Long-term (i.e., 9–18 months) administration of SDD does not result in emergence of resistant organism or alteration of subgingival microflora. Various long term studies have been conducted.

Doxycycline 20 mg bid was used in 51 patients with active periodontitis based on pocket depth and increased collagenase at multiple exams showed no clinical attachment loss over 36 months.

Twenty subjects ≤ 45 year old patients with severe generalized periodontitis patients and showing >30% of sites with CAL ≥ 5 mm were given subantimicrobial dose of doxycycline for 6 months. The result showed less clinical attachment loss, probing depth. Gingival index and bleeding on probing were not significant when compared to placebo.

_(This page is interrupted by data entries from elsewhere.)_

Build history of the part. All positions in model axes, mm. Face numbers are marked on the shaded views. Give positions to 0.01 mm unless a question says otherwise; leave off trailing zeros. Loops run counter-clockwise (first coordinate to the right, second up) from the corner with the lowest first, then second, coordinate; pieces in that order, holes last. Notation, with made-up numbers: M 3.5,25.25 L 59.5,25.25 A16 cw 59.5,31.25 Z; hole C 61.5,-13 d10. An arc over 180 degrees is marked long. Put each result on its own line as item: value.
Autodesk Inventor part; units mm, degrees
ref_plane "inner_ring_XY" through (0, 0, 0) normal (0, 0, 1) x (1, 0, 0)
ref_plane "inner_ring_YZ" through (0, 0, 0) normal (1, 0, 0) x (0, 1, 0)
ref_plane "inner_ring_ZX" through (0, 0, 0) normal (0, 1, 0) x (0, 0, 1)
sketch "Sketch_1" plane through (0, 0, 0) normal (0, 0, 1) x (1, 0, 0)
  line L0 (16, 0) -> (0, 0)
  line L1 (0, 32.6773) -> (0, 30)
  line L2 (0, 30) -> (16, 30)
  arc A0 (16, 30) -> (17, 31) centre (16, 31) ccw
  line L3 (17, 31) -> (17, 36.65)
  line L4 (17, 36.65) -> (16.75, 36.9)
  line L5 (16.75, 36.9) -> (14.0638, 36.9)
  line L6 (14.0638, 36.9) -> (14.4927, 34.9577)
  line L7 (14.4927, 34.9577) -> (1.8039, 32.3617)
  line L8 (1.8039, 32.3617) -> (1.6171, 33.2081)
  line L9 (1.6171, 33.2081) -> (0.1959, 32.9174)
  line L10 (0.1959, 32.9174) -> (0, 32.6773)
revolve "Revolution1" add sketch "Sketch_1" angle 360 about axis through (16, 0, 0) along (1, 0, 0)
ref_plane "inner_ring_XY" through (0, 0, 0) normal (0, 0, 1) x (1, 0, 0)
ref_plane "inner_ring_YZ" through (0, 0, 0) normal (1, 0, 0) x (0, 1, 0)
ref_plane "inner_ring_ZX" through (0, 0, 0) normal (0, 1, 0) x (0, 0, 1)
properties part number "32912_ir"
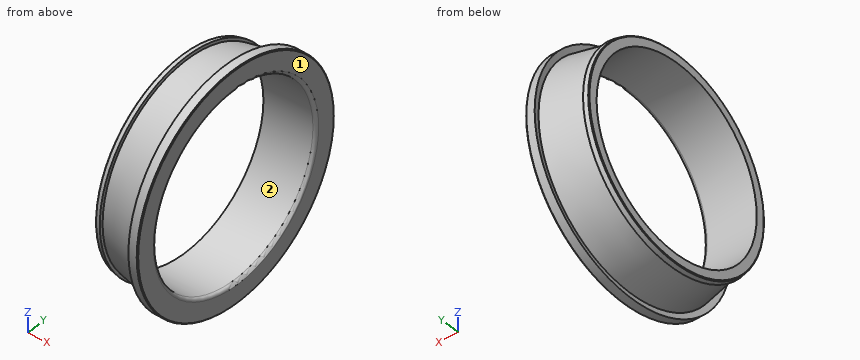
Q1. Slice it at C-C (x = 5). List the corners of the cut face in (y, z), and give its area (3 significant figures).
Here are the results:
outline: C 0,0 d66.03; hole C 0,0 d60
area: 597 mm²
Q2. Slice it at A-A (y = 0). List the corners of the cut face in (x, z).
Here are the results:
outline: M 0,-32.68 L 0.2,-32.92 L 1.62,-33.21 L 1.8,-32.36 L 14.49,-34.96 L 14.06,-36.9 L 16.75,-36.9 L 17,-36.65 L 17,-31 A1 ccw 16,-30 L 0,-30 Z; M 0,30 L 16,30 A1 ccw 17,31 L 17,36.65 L 16.75,36.9 L 14.06,36.9 L 14.49,34.96 L 1.8,32.36 L 1.62,33.21 L 0.2,32.92 L 0,32.68 Z
Q3. Mould opens along Y. For the marked faces 1 and 2 say: pulls with the +Y half, pulls with the -Y half, needs draft (parallel to the pull), parting line crosses it, or undercut.
Here are the results:
face 1: needs draft
face 2: undercut
Q4. Slice it at D-D (x = 12.75). List the corners of the cut face in (y, z).
Here are the results:
outline: C 0,0 d69.2; hole C 0,0 d60
Q5. Probe line 1 (Z direction, x = 5, y = 0); line 2 (Z direction, x = 6.75, y = 17); line 3 (Y direction, x = 16.25, z = -12). List the from-to ranges inside material, lowest first. Write a range as from..to.
Here are the results:
line 1: -33.02..-30, 30..33.02
line 2: -28.72..-24.72, 24.72..28.72
line 3: -34.89..-27.53, 27.53..34.89
Q6. Drop flat-ended pins along their axis: pin 1 Ø3 at (x, y) = (10, 10.5) entering from +Z; pin 2 Ø3 at (x, y) = (4, -5) entering from +Z; pin 3 Ø2 at (x, y) = (5, 17) entering from -Z. Give the stop position or say it passes through.
Here are the results:
pin 1: z = 32.93
pin 2: z = 32.8
pin 3: z = -28.93
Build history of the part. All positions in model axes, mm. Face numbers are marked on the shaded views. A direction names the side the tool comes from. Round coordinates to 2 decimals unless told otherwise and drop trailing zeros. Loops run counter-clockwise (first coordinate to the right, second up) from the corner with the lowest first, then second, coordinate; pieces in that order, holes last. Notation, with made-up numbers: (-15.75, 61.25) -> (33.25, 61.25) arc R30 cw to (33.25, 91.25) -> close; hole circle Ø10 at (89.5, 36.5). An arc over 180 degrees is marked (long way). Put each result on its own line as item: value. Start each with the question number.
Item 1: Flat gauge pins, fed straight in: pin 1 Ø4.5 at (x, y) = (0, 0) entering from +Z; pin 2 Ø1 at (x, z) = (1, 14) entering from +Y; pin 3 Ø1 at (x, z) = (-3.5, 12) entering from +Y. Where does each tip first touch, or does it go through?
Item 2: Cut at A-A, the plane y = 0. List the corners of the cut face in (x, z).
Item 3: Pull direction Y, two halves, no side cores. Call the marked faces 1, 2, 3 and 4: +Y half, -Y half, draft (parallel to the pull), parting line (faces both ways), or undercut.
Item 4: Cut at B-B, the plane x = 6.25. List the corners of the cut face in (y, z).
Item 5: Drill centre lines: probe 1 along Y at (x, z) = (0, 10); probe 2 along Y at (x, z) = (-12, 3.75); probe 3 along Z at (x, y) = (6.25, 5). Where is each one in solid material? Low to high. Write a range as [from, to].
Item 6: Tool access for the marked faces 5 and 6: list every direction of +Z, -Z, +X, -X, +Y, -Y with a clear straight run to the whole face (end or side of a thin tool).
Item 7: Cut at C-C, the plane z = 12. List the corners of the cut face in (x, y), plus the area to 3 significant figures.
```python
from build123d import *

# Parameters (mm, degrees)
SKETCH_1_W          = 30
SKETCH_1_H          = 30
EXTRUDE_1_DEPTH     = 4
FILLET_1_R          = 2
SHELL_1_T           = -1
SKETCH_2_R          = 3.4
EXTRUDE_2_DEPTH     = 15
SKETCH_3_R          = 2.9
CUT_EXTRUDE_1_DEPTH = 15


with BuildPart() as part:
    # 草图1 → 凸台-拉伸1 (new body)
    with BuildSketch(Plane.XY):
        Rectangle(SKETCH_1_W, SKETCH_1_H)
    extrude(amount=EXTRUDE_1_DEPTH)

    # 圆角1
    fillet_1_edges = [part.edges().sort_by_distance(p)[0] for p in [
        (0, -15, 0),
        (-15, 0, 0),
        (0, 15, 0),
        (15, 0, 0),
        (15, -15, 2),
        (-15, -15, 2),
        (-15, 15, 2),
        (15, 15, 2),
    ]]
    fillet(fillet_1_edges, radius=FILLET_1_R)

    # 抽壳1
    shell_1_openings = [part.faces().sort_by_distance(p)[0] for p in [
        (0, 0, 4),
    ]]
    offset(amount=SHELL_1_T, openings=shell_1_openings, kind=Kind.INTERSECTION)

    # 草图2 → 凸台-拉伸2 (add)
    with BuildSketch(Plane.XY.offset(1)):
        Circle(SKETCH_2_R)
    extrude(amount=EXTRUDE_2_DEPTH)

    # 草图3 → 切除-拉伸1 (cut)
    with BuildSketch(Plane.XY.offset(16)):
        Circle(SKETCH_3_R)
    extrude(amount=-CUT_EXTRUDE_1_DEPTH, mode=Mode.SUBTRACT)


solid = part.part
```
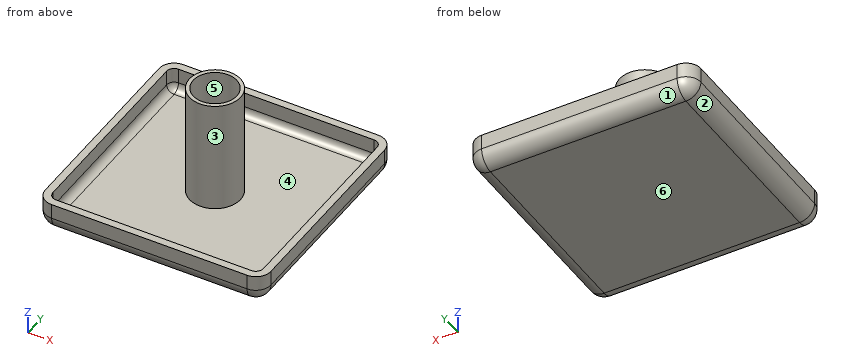
Reply:
1. pin 1: stops at z = 1
1. pin 2: stops at y = 3.36
1. pin 3: stops at y = 1.6
2. outline: (-15, 2) arc R2 ccw to (-13, 0) -> (13, 0) arc R2 ccw to (15, 2) -> (15, 4) -> (14, 4) -> (14, 2) arc R1 cw to (13, 1) -> (3.4, 1) -> (3.4, 16) -> (2.9, 16) -> (2.9, 1) -> (-2.9, 1) -> (-2.9, 16) -> (-3.4, 16) -> (-3.4, 1) -> (-13, 1) arc R1 cw to (-14, 2) -> (-14, 4) -> (-15, 4) -> close
3. face 1: +Y half
3. face 2: draft
3. face 3: undercut
3. face 4: undercut
4. outline: (-15, 2) arc R2 ccw to (-13, 0) -> (13, 0) arc R2 ccw to (15, 2) -> (15, 4) -> (14, 4) -> (14, 2) arc R1 cw to (13, 1) -> (-13, 1) arc R1 cw to (-14, 2) -> (-14, 4) -> (-15, 4) -> close
5. probe 1: y = [-3.4, -2.9], [2.9, 3.4]
5. probe 2: y = [-15, -14], [14, 15]
5. probe 3: z = [0, 1]
6. face 5: +Z
6. face 6: -Z, +X, -X, +Y, -Y
7. outline: circle Ø6.8 at (0, 0); hole circle Ø5.8 at (0, 0)
7. area: 9.90 mm^2

Doxy 20-mg bid for month along with scaling and root planning was done in 208 chronic periodontitis subjects. The patients showed improvements in clinical attachments level and probing depth ≥ 4 mm.

Used 20 mg bid SDD for 9 months + scaling and root planning in 190 adult periodontitis patients, there was a significant improvements in CAL (≥ 2 mm) PD and BOP when compared to placebo group receiving only SRP.